◆ **PROMPT**
How many lines in the entries below contain the word "each"? Answer with the number and nothing else.

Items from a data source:

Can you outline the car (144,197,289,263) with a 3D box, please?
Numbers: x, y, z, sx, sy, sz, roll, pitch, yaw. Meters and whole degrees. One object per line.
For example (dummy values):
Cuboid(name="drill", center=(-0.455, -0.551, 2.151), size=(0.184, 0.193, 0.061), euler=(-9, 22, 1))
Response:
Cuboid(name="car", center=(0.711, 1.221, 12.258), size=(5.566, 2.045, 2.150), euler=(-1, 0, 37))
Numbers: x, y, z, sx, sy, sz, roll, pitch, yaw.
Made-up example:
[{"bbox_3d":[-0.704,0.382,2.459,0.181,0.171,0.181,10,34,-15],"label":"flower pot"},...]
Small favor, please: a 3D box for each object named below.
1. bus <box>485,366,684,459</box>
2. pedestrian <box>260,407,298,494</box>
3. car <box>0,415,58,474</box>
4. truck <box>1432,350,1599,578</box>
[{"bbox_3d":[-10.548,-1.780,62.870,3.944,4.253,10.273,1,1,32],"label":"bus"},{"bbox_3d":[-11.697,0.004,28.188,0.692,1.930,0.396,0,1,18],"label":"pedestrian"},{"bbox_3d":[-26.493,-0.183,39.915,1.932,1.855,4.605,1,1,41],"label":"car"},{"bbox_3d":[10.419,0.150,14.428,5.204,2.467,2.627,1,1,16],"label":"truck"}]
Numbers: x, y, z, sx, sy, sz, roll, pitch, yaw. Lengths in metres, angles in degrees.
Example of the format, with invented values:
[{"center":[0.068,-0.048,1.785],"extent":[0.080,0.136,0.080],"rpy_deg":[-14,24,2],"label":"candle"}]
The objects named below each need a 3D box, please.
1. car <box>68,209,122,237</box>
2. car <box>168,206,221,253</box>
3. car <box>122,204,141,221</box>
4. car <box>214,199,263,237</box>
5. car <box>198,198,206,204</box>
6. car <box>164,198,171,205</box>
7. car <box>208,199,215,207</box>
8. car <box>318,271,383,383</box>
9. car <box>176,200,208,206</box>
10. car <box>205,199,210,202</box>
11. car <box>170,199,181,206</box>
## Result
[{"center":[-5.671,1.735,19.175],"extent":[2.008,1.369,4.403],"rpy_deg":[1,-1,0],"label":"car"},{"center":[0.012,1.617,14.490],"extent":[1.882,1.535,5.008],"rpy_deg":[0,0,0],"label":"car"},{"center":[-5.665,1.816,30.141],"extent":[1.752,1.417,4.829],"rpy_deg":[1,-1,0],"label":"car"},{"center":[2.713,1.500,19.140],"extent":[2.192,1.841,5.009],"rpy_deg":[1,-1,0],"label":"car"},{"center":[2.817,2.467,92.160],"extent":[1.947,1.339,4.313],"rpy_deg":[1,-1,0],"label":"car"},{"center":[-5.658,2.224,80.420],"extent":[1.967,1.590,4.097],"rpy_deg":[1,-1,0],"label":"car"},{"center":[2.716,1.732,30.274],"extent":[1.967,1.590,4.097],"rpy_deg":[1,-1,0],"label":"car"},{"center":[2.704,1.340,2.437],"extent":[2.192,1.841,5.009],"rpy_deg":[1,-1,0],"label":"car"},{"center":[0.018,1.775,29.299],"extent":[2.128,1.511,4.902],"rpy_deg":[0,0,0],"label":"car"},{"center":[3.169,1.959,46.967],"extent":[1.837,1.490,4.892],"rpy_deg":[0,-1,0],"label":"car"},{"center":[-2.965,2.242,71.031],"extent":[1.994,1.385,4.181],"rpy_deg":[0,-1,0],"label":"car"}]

◆ **RESPONSE BOX**
2